* [Materials provided]
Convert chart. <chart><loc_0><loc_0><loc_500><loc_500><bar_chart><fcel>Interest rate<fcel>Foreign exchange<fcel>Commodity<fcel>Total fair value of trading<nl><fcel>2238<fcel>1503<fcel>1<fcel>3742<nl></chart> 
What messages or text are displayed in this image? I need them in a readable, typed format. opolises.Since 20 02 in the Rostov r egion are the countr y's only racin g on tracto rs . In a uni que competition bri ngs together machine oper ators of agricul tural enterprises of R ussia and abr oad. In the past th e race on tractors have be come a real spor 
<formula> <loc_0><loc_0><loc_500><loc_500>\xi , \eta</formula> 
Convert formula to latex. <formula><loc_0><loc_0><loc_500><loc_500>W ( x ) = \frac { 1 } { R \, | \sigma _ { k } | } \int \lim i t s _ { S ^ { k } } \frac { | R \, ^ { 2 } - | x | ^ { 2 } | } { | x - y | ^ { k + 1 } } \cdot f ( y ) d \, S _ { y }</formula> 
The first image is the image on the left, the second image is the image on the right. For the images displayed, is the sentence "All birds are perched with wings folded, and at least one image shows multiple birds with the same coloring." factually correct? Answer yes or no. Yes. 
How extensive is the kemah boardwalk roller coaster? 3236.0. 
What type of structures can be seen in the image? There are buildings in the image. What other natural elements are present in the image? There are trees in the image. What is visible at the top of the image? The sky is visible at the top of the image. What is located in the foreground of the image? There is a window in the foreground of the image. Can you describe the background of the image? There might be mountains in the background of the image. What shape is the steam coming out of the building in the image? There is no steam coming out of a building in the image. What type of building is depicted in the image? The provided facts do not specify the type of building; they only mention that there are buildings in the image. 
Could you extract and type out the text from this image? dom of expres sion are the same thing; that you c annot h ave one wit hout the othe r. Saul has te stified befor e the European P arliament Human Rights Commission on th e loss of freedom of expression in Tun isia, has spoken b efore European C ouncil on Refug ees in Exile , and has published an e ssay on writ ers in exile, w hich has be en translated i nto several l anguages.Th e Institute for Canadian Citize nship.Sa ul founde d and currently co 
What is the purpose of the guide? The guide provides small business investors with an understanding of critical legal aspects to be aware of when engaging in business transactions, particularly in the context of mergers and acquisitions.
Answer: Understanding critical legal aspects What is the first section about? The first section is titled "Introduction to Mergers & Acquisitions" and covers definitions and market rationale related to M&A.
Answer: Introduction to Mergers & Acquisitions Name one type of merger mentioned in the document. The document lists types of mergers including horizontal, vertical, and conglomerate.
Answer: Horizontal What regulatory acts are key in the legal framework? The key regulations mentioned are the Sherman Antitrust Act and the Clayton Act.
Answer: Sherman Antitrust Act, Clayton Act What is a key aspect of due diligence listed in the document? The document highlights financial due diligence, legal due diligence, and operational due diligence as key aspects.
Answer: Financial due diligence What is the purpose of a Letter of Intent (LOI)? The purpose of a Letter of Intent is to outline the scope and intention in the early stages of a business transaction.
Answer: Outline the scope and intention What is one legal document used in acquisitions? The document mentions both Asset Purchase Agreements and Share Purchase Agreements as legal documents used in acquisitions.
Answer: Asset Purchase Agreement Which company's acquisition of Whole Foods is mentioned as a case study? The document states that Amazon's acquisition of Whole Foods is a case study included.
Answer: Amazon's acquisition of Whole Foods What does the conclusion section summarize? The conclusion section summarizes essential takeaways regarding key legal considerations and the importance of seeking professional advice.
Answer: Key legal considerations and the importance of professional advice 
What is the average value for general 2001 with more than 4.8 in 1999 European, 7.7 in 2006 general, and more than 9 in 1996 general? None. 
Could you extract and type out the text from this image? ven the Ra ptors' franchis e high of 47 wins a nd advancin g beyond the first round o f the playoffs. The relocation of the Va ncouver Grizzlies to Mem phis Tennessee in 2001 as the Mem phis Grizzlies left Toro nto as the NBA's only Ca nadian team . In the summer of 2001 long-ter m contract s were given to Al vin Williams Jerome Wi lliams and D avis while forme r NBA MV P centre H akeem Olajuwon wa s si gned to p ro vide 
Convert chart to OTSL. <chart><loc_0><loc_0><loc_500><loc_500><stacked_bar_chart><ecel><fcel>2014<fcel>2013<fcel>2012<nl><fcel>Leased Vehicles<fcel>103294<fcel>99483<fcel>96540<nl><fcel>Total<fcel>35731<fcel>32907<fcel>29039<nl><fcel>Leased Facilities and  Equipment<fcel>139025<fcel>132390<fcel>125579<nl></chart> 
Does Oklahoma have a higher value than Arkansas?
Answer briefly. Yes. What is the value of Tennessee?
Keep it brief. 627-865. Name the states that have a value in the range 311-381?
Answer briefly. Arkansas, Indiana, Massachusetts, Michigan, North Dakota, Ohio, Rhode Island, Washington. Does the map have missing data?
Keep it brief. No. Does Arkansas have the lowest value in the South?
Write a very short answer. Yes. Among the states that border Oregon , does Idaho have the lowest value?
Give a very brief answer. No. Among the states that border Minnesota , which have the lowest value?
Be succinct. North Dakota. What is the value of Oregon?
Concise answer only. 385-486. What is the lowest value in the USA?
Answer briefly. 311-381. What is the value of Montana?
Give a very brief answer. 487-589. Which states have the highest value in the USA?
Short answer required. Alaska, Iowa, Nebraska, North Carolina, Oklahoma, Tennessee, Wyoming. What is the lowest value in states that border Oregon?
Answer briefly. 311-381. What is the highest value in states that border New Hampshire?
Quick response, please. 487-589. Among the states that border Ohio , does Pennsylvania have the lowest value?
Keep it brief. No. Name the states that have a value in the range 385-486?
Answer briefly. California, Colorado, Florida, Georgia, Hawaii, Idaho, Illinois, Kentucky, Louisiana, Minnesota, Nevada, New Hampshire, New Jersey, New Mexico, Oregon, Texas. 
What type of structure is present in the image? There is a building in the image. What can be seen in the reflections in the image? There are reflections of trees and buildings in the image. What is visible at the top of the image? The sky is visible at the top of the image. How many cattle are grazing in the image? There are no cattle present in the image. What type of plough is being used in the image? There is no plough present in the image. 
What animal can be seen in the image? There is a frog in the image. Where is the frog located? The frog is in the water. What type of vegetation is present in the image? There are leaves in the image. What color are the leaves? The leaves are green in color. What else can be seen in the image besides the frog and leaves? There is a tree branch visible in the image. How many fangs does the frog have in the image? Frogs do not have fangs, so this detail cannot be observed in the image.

* [Your task] Each record above should be transcribed exactly.

* [Worked solution]
Convert chart. <chart><loc_0><loc_0><loc_500><loc_500><bar_chart><fcel>Interest rate<fcel>Foreign exchange<fcel>Commodity<fcel>Total fair value of trading<nl><fcel>2238<fcel>1503<fcel>1<fcel>3742<nl></chart> 
What messages or text are displayed in this image? I need them in a readable, typed format. opolises.Since 20 02 in the Rostov r egion are the countr y's only racin g on tracto rs . In a uni que competition bri ngs together machine oper ators of agricul tural enterprises of R ussia and abr oad. In the past th e race on tractors have be come a real spor 
<formula> <loc_0><loc_0><loc_500><loc_500>\xi , \eta</formula> 
Convert formula to latex. <formula><loc_0><loc_0><loc_500><loc_500>W ( x ) = \frac { 1 } { R \, | \sigma _ { k } | } \int \lim i t s _ { S ^ { k } } \frac { | R \, ^ { 2 } - | x | ^ { 2 } | } { | x - y | ^ { k + 1 } } \cdot f ( y ) d \, S _ { y }</formula> 
The first image is the image on the left, the second image is the image on the right. For the images displayed, is the sentence "All birds are perched with wings folded, and at least one image shows multiple birds with the same coloring." factually correct? Answer yes or no. Yes. 
How extensive is the kemah boardwalk roller coaster? 3236.0. 
What type of structures can be seen in the image? There are buildings in the image. What other natural elements are present in the image? There are trees in the image. What is visible at the top of the image? The sky is visible at the top of the image. What is located in the foreground of the image? There is a window in the foreground of the image. Can you describe the background of the image? There might be mountains in the background of the image. What shape is the steam coming out of the building in the image? There is no steam coming out of a building in the image. What type of building is depicted in the image? The provided facts do not specify the type of building; they only mention that there are buildings in the image. 
Could you extract and type out the text from this image? dom of expres sion are the same thing; that you c annot h ave one wit hout the othe r. Saul has te stified befor e the European P arliament Human Rights Commission on th e loss of freedom of expression in Tun isia, has spoken b efore European C ouncil on Refug ees in Exile , and has published an e ssay on writ ers in exile, w hich has be en translated i nto several l anguages.Th e Institute for Canadian Citize nship.Sa ul founde d and currently co 
What is the purpose of the guide? The guide provides small business investors with an understanding of critical legal aspects to be aware of when engaging in business transactions, particularly in the context of mergers and acquisitions.
Answer: Understanding critical legal aspects What is the first section about? The first section is titled "Introduction to Mergers & Acquisitions" and covers definitions and market rationale related to M&A.
Answer: Introduction to Mergers & Acquisitions Name one type of merger mentioned in the document. The document lists types of mergers including horizontal, vertical, and conglomerate.
Answer: Horizontal What regulatory acts are key in the legal framework? The key regulations mentioned are the Sherman Antitrust Act and the Clayton Act.
Answer: Sherman Antitrust Act, Clayton Act What is a key aspect of due diligence listed in the document? The document highlights financial due diligence, legal due diligence, and operational due diligence as key aspects.
Answer: Financial due diligence What is the purpose of a Letter of Intent (LOI)? The purpose of a Letter of Intent is to outline the scope and intention in the early stages of a business transaction.
Answer: Outline the scope and intention What is one legal document used in acquisitions? The document mentions both Asset Purchase Agreements and Share Purchase Agreements as legal documents used in acquisitions.
Answer: Asset Purchase Agreement Which company's acquisition of Whole Foods is mentioned as a case study? The document states that Amazon's acquisition of Whole Foods is a case study included.
Answer: Amazon's acquisition of Whole Foods What does the conclusion section summarize? The conclusion section summarizes essential takeaways regarding key legal considerations and the importance of seeking professional advice.
Answer: Key legal considerations and the importance of professional advice 
What is the average value for general 2001 with more than 4.8 in 1999 European, 7.7 in 2006 general, and more than 9 in 1996 general? None. 
Could you extract and type out the text from this image? ven the Ra ptors' franchis e high of 47 wins a nd advancin g beyond the first round o f the playoffs. The relocation of the Va ncouver Grizzlies to Mem phis Tennessee in 2001 as the Mem phis Grizzlies left Toro nto as the NBA's only Ca nadian team . In the summer of 2001 long-ter m contract s were given to Al vin Williams Jerome Wi lliams and D avis while forme r NBA MV P centre H akeem Olajuwon wa s si gned to p ro vide 
Convert chart to OTSL. <chart><loc_0><loc_0><loc_500><loc_500><stacked_bar_chart><ecel><fcel>2014<fcel>2013<fcel>2012<nl><fcel>Leased Vehicles<fcel>103294<fcel>99483<fcel>96540<nl><fcel>Total<fcel>35731<fcel>32907<fcel>29039<nl><fcel>Leased Facilities and  Equipment<fcel>139025<fcel>132390<fcel>125579<nl></chart> 
Does Oklahoma have a higher value than Arkansas?
Answer briefly. Yes. What is the value of Tennessee?
Keep it brief. 627-865. Name the states that have a value in the range 311-381?
Answer briefly. Arkansas, Indiana, Massachusetts, Michigan, North Dakota, Ohio, Rhode Island, Washington. Does the map have missing data?
Keep it brief. No. Does Arkansas have the lowest value in the South?
Write a very short answer. Yes. Among the states that border Oregon , does Idaho have the lowest value?
Give a very brief answer. No. Among the states that border Minnesota , which have the lowest value?
Be succinct. North Dakota. What is the value of Oregon?
Concise answer only. 385-486. What is the lowest value in the USA?
Answer briefly. 311-381. What is the value of Montana?
Give a very brief answer. 487-589. Which states have the highest value in the USA?
Short answer required. Alaska, Iowa, Nebraska, North Carolina, Oklahoma, Tennessee, Wyoming. What is the lowest value in states that border Oregon?
Answer briefly. 311-381. What is the highest value in states that border New Hampshire?
Quick response, please. 487-589. Among the states that border Ohio , does Pennsylvania have the lowest value?
Keep it brief. No. Name the states that have a value in the range 385-486?
Answer briefly. California, Colorado, Florida, Georgia, Hawaii, Idaho, Illinois, Kentucky, Louisiana, Minnesota, Nevada, New Hampshire, New Jersey, New Mexico, Oregon, Texas. 
What type of structure is present in the image? There is a building in the image. What can be seen in the reflections in the image? There are reflections of trees and buildings in the image. What is visible at the top of the image? The sky is visible at the top of the image. How many cattle are grazing in the image? There are no cattle present in the image. What type of plough is being used in the image? There is no plough present in the image. 
What animal can be seen in the image? There is a frog in the image. Where is the frog located? The frog is in the water. What type of vegetation is present in the image? There are leaves in the image. What color are the leaves? The leaves are green in color. What else can be seen in the image besides the frog and leaves? There is a tree branch visible in the image. How many fangs does the frog have in the image? Frogs do not have fangs, so this detail cannot be observed in the image.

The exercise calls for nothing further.